Swithin looked around the cabin, and a very little look was required to take in all its resources. At one end, as previously explained, were a table, stove, chair, cupboard, and so on; while the other was completely occupied by a diminutive Arabian bedstead, hung with curtains of pink-and-white chintz. On the inside of the bed there was a narrow channel, about a foot wide, between it and the wall of the hut. Into this cramped retreat Viviette slid herself, and stood trembling behind the curtains.
By this time the knock had been repeated more loudly, the light through the window-blind unhappily revealing the presence of some inmate. Swithin threw open the door, and Mr. Torkingham introduced his visitors.
The Bishop shook hands with the young man, told him he had known his father, and at Swithin’s invitation, weak as it was, entered the cabin, the vicar and Louis Glanville remaining on the threshold, not to inconveniently crowd the limited space within.
Bishop Helmsdale looked benignantly around the apartment, and said, ‘Quite a settlement in the backwoods — quite: far enough from the world to afford the votary of science the seclusion he needs, and not so far as to limit his resources. A hermit might apparently live here in as much solitude as in a primeval forest.’
‘His lordship has been good enough to express an interest in your studies,’ said Mr. Torkingham to St. Cleeve. ‘And we have come to ask you to let us see the observatory.’
‘With great pleasure,’ stammered Swithin.
‘Where is the observatory?’ inquired the Bishop, peering round again.

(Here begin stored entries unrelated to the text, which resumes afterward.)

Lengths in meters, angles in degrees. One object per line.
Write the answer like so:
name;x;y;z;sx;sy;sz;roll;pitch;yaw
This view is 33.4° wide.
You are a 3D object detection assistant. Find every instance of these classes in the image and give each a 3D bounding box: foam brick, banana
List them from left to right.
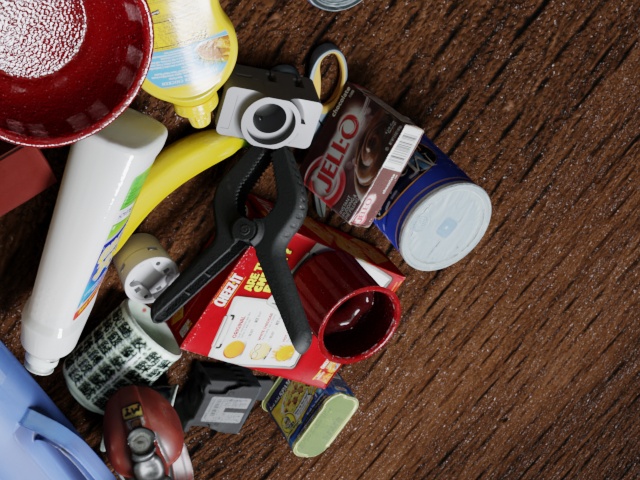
foam brick;-0.272;-0.062;0.903;0.078;0.053;0.051;-32;136;-5
banana;-0.148;-0.049;1.004;0.198;0.037;0.069;-36;136;-3

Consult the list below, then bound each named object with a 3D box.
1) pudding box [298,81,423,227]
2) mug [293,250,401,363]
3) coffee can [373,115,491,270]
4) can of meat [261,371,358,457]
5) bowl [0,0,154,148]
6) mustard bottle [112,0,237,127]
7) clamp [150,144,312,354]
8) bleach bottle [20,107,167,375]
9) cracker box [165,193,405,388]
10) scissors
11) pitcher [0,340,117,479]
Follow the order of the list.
pudding box;0.037;-0.083;1.034;0.039;0.090;0.113;13;113;-51
mug;0.028;0.068;1.078;0.093;0.082;0.117;-49;133;7
coffee can;0.092;-0.051;1.082;0.102;0.140;0.103;-17;132;-20
can of meat;-0.012;0.191;1.255;0.057;0.084;0.102;18;113;-41
bowl;-0.213;-0.155;0.825;0.161;0.055;0.162;-20;131;-25
mustard bottle;-0.121;-0.175;0.901;0.096;0.058;0.191;-17;133;-7
clamp;-0.057;0.001;1.002;0.210;0.165;0.036;-70;158;-8
bleach bottle;-0.214;0.008;0.952;0.068;0.102;0.251;24;113;-1
cracker box;-0.037;0.057;1.139;0.213;0.072;0.164;22;109;-41
scissors;-0.021;-0.101;1.058;0.096;0.016;0.202;-7;128;-26
pitcher;-0.302;0.191;1.031;0.149;0.145;0.243;-27;132;-7
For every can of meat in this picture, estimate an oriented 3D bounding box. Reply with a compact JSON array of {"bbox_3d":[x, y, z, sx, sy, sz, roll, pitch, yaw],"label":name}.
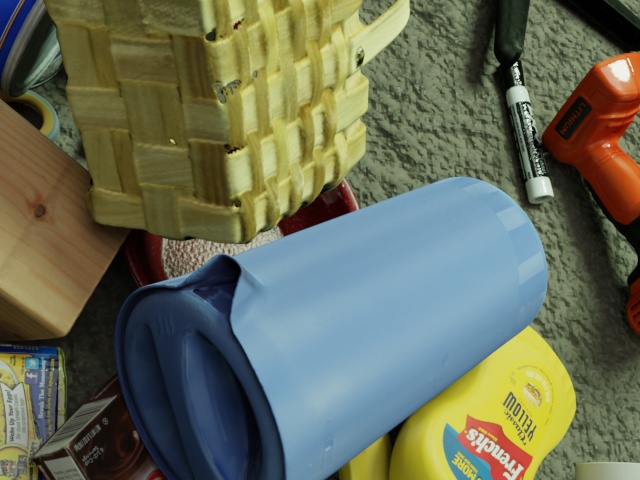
[{"bbox_3d":[-0.190,0.107,0.603,0.083,0.058,0.102,5,69,-21],"label":"can of meat"}]

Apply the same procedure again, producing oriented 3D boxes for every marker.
[{"bbox_3d":[0.158,-0.088,0.827,0.020,0.020,0.121,-2,71,-21],"label":"marker"}]

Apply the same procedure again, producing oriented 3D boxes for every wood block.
[{"bbox_3d":[-0.216,-0.038,0.585,0.206,0.090,0.090,42,61,-28],"label":"wood block"}]

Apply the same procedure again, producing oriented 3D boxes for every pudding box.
[{"bbox_3d":[-0.098,0.122,0.608,0.113,0.039,0.090,-45,111,-48],"label":"pudding box"}]

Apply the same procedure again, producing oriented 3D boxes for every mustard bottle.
[{"bbox_3d":[0.094,0.137,0.672,0.096,0.058,0.191,54,48,-15],"label":"mustard bottle"}]

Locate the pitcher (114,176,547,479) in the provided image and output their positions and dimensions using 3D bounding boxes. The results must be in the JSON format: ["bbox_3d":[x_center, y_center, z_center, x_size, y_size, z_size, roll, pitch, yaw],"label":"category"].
[{"bbox_3d":[0.016,0.056,0.604,0.242,0.149,0.145,-24,87,-39],"label":"pitcher"}]

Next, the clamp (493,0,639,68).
[{"bbox_3d":[0.181,-0.233,0.880,0.164,0.036,0.210,-5,67,-31],"label":"clamp"}]

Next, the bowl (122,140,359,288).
[{"bbox_3d":[-0.055,0.001,0.693,0.162,0.055,0.162,7,68,-18],"label":"bowl"}]
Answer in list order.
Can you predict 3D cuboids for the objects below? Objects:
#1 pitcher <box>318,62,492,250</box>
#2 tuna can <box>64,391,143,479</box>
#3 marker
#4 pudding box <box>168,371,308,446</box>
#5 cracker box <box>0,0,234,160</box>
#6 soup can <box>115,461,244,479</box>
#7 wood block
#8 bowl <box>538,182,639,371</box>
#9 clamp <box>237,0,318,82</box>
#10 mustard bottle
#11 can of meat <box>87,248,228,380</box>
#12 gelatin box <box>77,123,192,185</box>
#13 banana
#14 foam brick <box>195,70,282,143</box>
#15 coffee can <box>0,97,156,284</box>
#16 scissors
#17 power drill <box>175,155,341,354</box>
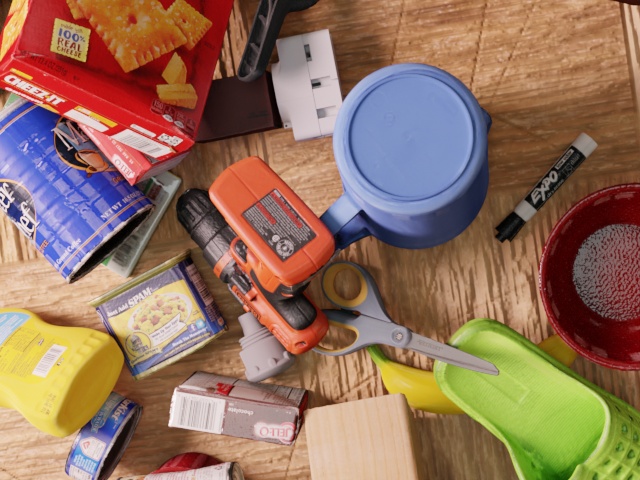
[{"bbox_3d":[0.066,-0.057,0.851,0.145,0.242,0.149,7,88,7],"label":"pitcher"},{"bbox_3d":[-0.196,0.180,0.967,0.034,0.086,0.086,26,95,4],"label":"tuna can"},{"bbox_3d":[0.200,-0.045,0.954,0.020,0.020,0.121,42,96,1],"label":"marker"},{"bbox_3d":[-0.070,0.149,0.952,0.113,0.090,0.039,10,93,4],"label":"pudding box"},{"bbox_3d":[-0.158,-0.197,0.874,0.164,0.072,0.213,25,68,-31],"label":"cracker box"},{"bbox_3d":[-0.115,0.224,0.888,0.102,0.068,0.068,-10,93,5],"label":"soup can"},{"bbox_3d":[0.049,0.245,0.906,0.090,0.091,0.206,-11,65,7],"label":"wood block"},{"bbox_3d":[0.269,0.030,0.934,0.162,0.055,0.162,0,93,5],"label":"bowl"},{"bbox_3d":[-0.046,-0.229,0.902,0.039,0.171,0.120,3,136,40],"label":"clamp"},{"bbox_3d":[-0.276,0.108,0.960,0.192,0.058,0.096,13,55,30],"label":"mustard bottle"},{"bbox_3d":[-0.145,0.068,0.970,0.102,0.057,0.084,-28,93,6],"label":"can of meat"},{"bbox_3d":[-0.163,-0.091,0.945,0.030,0.089,0.073,-42,89,24],"label":"gelatin box"},{"bbox_3d":[0.141,0.120,0.960,0.198,0.037,0.069,-5,94,5],"label":"banana"},{"bbox_3d":[-0.079,-0.119,0.956,0.078,0.051,0.053,-9,94,5],"label":"foam brick"},{"bbox_3d":[-0.228,-0.047,0.931,0.103,0.103,0.140,-42,91,6],"label":"coffee can"},{"bbox_3d":[0.066,0.064,0.928,0.202,0.016,0.096,-1,77,35],"label":"scissors"},{"bbox_3d":[-0.056,0.001,0.893,0.057,0.188,0.184,-41,79,-17],"label":"power drill"}]
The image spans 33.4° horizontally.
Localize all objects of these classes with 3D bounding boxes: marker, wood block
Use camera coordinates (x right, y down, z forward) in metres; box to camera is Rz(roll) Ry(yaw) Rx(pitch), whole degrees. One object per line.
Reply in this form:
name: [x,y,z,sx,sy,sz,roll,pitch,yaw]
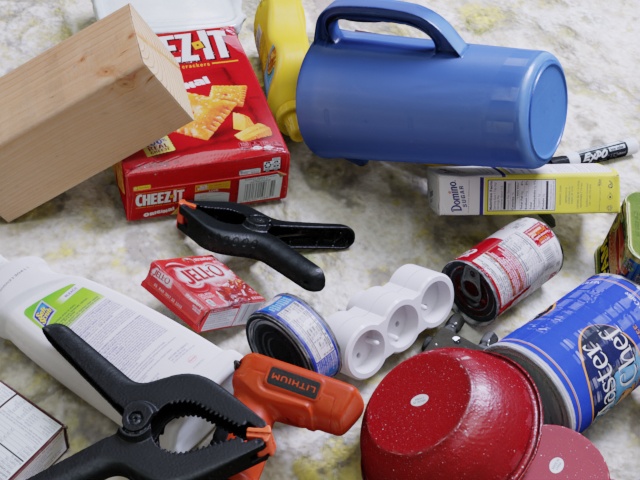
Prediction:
marker: [0.294,-0.092,1.166,0.121,0.020,0.020,-14,52,-21]
wood block: [-0.234,-0.116,0.984,0.206,0.090,0.090,-28,50,10]

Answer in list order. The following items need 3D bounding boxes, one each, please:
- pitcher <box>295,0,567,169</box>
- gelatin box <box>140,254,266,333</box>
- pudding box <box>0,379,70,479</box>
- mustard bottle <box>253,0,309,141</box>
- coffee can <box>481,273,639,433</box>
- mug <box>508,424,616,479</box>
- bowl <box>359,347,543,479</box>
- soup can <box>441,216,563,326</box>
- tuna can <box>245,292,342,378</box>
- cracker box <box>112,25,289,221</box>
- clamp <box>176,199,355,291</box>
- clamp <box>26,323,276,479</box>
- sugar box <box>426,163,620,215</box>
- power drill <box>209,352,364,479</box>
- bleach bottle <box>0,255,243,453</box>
pitcher: [0.104,-0.142,1.022,0.243,0.149,0.145,9,86,33]
gelatin box: [-0.102,0.045,0.938,0.073,0.030,0.089,38,20,24]
pudding box: [-0.265,0.165,0.822,0.090,0.039,0.113,31,52,17]
mustard bottle: [-0.035,-0.176,1.134,0.058,0.096,0.191,0,48,-11]
coffee can: [0.217,0.104,0.915,0.140,0.103,0.103,-29,58,-31]
mug: [0.188,0.200,0.835,0.117,0.081,0.093,10,47,0]
bowl: [0.088,0.140,0.833,0.162,0.055,0.162,-24,40,21]
soup can: [0.172,0.027,1.002,0.102,0.068,0.069,-30,59,-32]
tuna can: [-0.024,0.089,0.900,0.086,0.086,0.033,39,54,24]
cracker box: [-0.139,-0.126,1.088,0.164,0.072,0.214,-9,49,-17]
clamp: [-0.057,0.001,0.994,0.171,0.039,0.120,10,19,4]
clamp: [-0.137,0.131,0.796,0.210,0.036,0.164,-3,55,6]
sugar box: [0.197,-0.050,1.054,0.176,0.048,0.093,-3,10,1]
power drill: [-0.035,0.188,0.797,0.184,0.057,0.187,18,59,15]
bleach bottle: [-0.189,0.078,0.900,0.251,0.068,0.102,31,51,21]
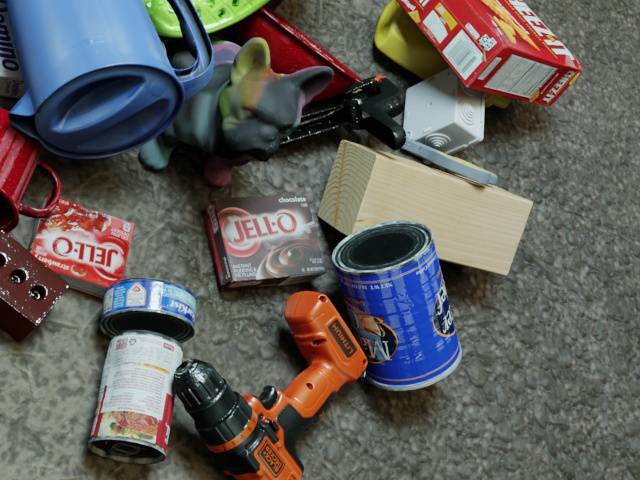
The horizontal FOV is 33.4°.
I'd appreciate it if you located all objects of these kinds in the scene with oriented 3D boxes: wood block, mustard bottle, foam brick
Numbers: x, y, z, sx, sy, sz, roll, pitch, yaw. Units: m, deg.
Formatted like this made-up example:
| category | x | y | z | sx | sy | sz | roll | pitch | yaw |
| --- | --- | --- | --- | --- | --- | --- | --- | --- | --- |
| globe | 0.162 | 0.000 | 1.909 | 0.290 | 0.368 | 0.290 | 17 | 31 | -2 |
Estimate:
| category | x | y | z | sx | sy | sz | roll | pitch | yaw |
| --- | --- | --- | --- | --- | --- | --- | --- | --- | --- |
| wood block | 0.114 | -0.034 | 1.166 | 0.205 | 0.090 | 0.091 | 14 | 100 | -27 |
| mustard bottle | 0.158 | -0.221 | 1.317 | 0.191 | 0.058 | 0.096 | 32 | 42 | -18 |
| foam brick | -0.270 | 0.040 | 0.929 | 0.078 | 0.051 | 0.053 | 40 | 53 | -11 |

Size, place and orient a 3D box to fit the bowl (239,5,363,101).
| category | x | y | z | sx | sy | sz | roll | pitch | yaw |
| --- | --- | --- | --- | --- | --- | --- | --- | --- | --- |
| bowl | -0.033 | -0.199 | 1.158 | 0.162 | 0.055 | 0.162 | 36 | 11 | -8 |

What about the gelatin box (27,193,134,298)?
| category | x | y | z | sx | sy | sz | roll | pitch | yaw |
| --- | --- | --- | --- | --- | --- | --- | --- | --- | --- |
| gelatin box | -0.222 | 0.007 | 0.988 | 0.089 | 0.030 | 0.073 | 21 | 59 | -23 |

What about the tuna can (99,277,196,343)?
| category | x | y | z | sx | sy | sz | roll | pitch | yaw |
| --- | --- | --- | --- | --- | --- | --- | --- | --- | --- |
| tuna can | -0.156 | 0.066 | 0.969 | 0.086 | 0.086 | 0.034 | 16 | 60 | -26 |

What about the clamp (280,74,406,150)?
| category | x | y | z | sx | sy | sz | roll | pitch | yaw |
| --- | --- | --- | --- | --- | --- | --- | --- | --- | --- |
| clamp | 0.046 | -0.139 | 1.168 | 0.209 | 0.165 | 0.036 | -41 | 131 | -53 |

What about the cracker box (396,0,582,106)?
| category | x | y | z | sx | sy | sz | roll | pitch | yaw |
| --- | --- | --- | --- | --- | --- | --- | --- | --- | --- |
| cracker box | 0.200 | -0.249 | 1.265 | 0.213 | 0.072 | 0.164 | 0 | 49 | -53 |

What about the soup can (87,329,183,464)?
| category | x | y | z | sx | sy | sz | roll | pitch | yaw |
| --- | --- | --- | --- | --- | --- | --- | --- | --- | --- |
| soup can | -0.162 | 0.138 | 0.943 | 0.068 | 0.069 | 0.102 | 20 | 59 | -24 |

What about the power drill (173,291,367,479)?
| category | x | y | z | sx | sy | sz | roll | pitch | yaw |
| --- | --- | --- | --- | --- | --- | --- | --- | --- | --- |
| power drill | -0.043 | 0.135 | 1.002 | 0.187 | 0.057 | 0.184 | -52 | 123 | -36 |

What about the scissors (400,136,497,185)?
| category | x | y | z | sx | sy | sz | roll | pitch | yaw |
| --- | --- | --- | --- | --- | --- | --- | --- | --- | --- |
| scissors | 0.117 | -0.100 | 1.200 | 0.096 | 0.202 | 0.016 | 13 | 103 | -49 |

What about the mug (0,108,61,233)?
| category | x | y | z | sx | sy | sz | roll | pitch | yaw |
| --- | --- | --- | --- | --- | --- | --- | --- | --- | --- |
| mug | -0.285 | -0.060 | 0.939 | 0.117 | 0.093 | 0.081 | 22 | 53 | -11 |

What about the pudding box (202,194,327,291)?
| category | x | y | z | sx | sy | sz | roll | pitch | yaw |
| --- | --- | --- | --- | --- | --- | --- | --- | --- | --- |
| pudding box | -0.057 | 0.001 | 1.091 | 0.113 | 0.039 | 0.090 | -3 | 70 | -34 |

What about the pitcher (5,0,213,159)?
| category | x | y | z | sx | sy | sz | roll | pitch | yaw |
| --- | --- | --- | --- | --- | --- | --- | --- | --- | --- |
| pitcher | -0.211 | -0.208 | 0.971 | 0.149 | 0.145 | 0.243 | 13 | 48 | -52 |

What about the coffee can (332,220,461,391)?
| category | x | y | z | sx | sy | sz | roll | pitch | yaw |
| --- | --- | --- | --- | --- | --- | --- | --- | --- | --- |
| coffee can | 0.078 | 0.065 | 1.072 | 0.102 | 0.103 | 0.140 | -39 | 123 | -38 |
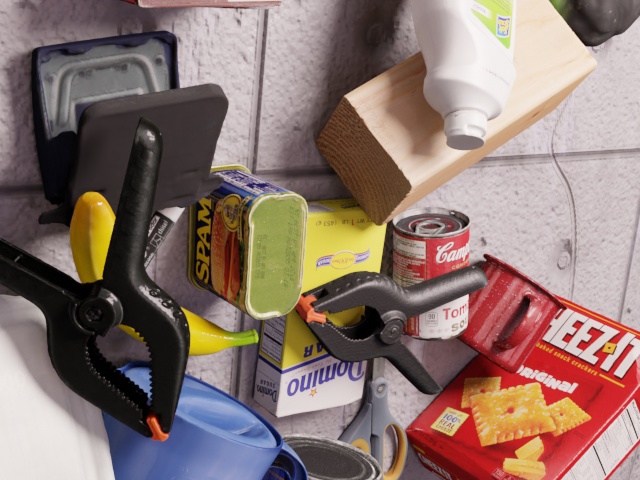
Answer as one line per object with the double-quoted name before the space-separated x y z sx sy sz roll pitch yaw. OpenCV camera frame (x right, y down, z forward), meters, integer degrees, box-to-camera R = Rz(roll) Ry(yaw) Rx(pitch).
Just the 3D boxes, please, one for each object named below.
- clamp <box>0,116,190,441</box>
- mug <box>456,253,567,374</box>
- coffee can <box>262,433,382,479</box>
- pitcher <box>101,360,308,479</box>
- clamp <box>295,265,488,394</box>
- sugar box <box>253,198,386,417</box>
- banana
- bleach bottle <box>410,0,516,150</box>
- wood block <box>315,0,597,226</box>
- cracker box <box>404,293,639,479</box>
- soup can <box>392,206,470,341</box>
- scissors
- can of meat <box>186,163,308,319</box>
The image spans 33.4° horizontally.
"clamp" -0.134 0.032 0.681 0.165 0.036 0.210 -26 107 12
"mug" 0.172 0.072 0.989 0.093 0.117 0.081 34 89 -12
"coffee can" -0.012 0.251 0.918 0.102 0.103 0.140 5 103 -38
"pitcher" -0.128 0.227 0.804 0.243 0.149 0.144 -63 155 4
"clamp" 0.054 0.076 0.883 0.171 0.039 0.120 3 106 -26
"sugar box" 0.000 0.055 0.894 0.093 0.048 0.176 -6 108 -35
"banana" -0.125 0.035 0.760 0.070 0.037 0.197 -36 135 8
"bleach bottle" 0.103 -0.191 0.799 0.102 0.068 0.251 17 67 -38
"wood block" 0.110 -0.110 0.867 0.205 0.091 0.090 -33 82 -24
"cracker box" 0.212 0.160 1.014 0.213 0.164 0.072 -43 129 -17
"soup can" 0.098 0.029 0.944 0.068 0.069 0.102 -16 116 -32
"scissors" 0.038 0.149 0.975 0.096 0.016 0.202 -27 120 -27
"can of meat" -0.055 0.001 0.808 0.057 0.084 0.102 -9 111 -35

‘The staircase is just outside this door,’ Swithin answered. ‘I am at your lordship’s service, and will show you up at once.’
‘And this is your little bed, for use when you work late,’ said the Bishop.
‘Yes; I am afraid it is rather untidy,’ Swithin apologized.
‘And here are your books,’ the Bishop continued, turning to the table and the shaded lamp. ‘You take an observation at the top, I presume, and come down here to record your observations.’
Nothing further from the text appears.